This is the way I’ve always solved these sort of problems and I’m embarresed to say, it still seems easier to me than the above formulas. I know if the problem is more difficult, I would definitely need a formula. That’s why I asked. FWIW, I’ve been a member in good standing here for over two years and I wouldn’t use these boards to cheat on homework (and I haven’t been in school for years).
I don’t think I’ll be able to do other problems like this the way silverfish and John Mace solved it, but the way Jurph and Tenach explained it makes sense to me. Thanks everyone.
But it’s not really out of line for high-end drafting/drawing pencils at $10.77 a dozen.
Your roentgen tube has gone bad.
It is not a riddle. It is a word problem in mathematics!
As some have already noted, these are really all the same (or very nearly so) way of solving the problem. The standard technique to solve these problems is to simply assign variables (x, y, etc.) to the unknowns and then translate the wording into equations (I tried to highlight that by putting the exact wording next to the equations). Then you solve for one of the variables (in terms of the other) in one equation and substitute it into the other equation.
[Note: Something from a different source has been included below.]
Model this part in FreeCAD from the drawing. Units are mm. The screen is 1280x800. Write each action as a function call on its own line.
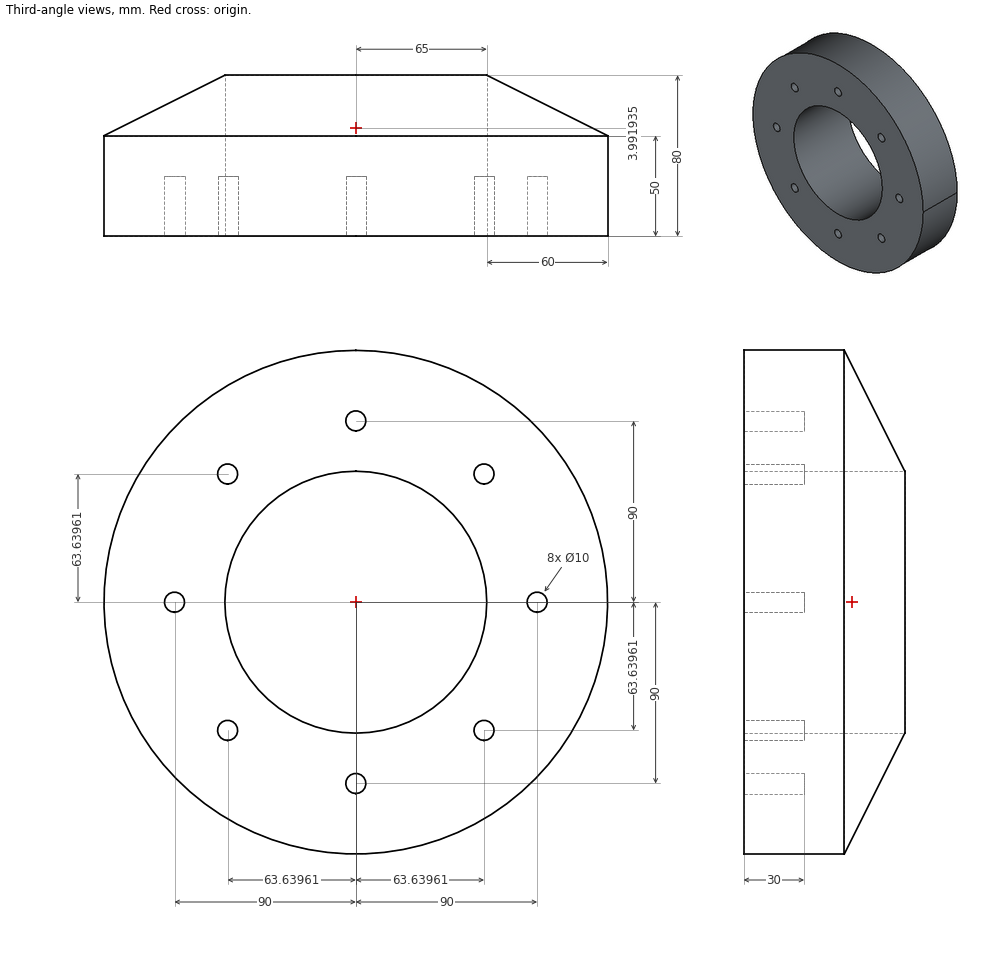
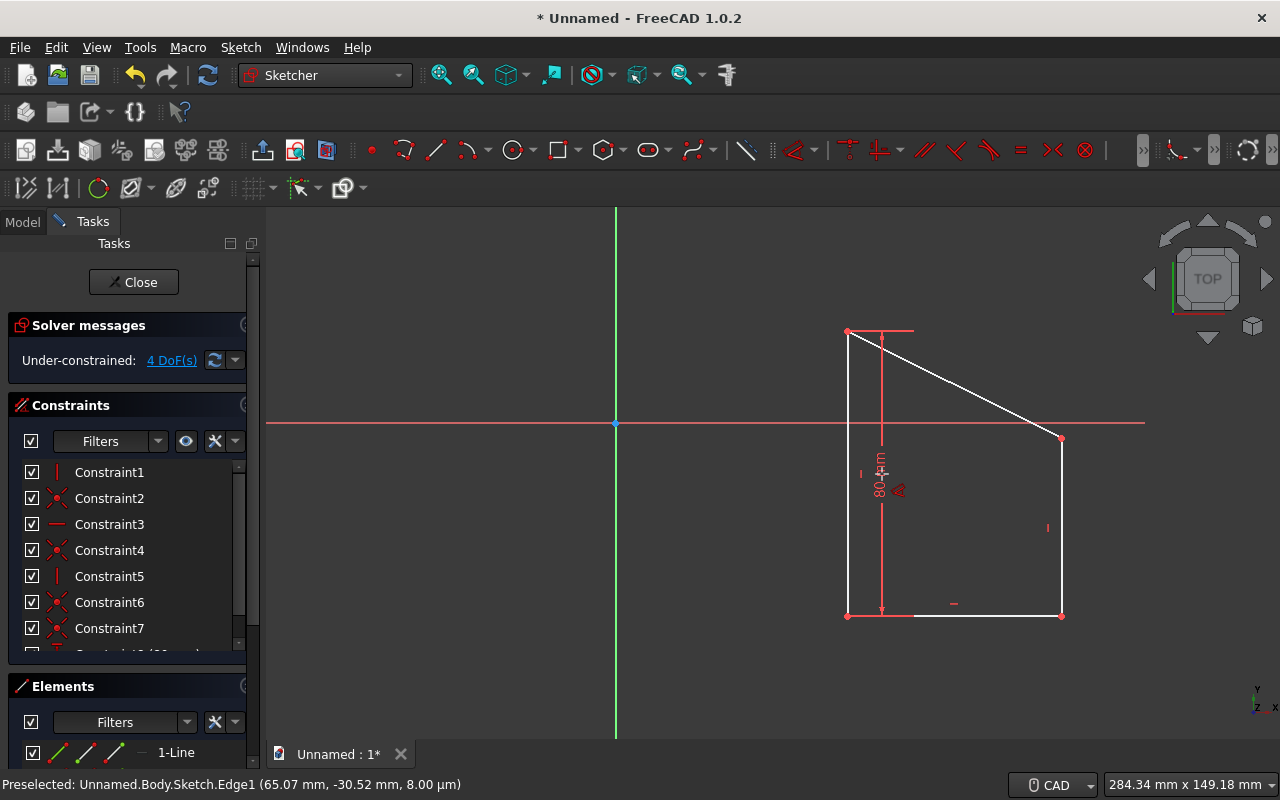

At that point you only have one variable-- you solve for it, then substute the answer into the other equation and solve for the other variable.
Once you do a few that way it’s a piece of cake.
True. For myself, I find single-variable algebra to be far, far easier than multiple-variable algebra, and so I’ll always try to get to single-variable before putting it in equation form. But that’s just an idiosyncrasy of my head, I think.
Daniel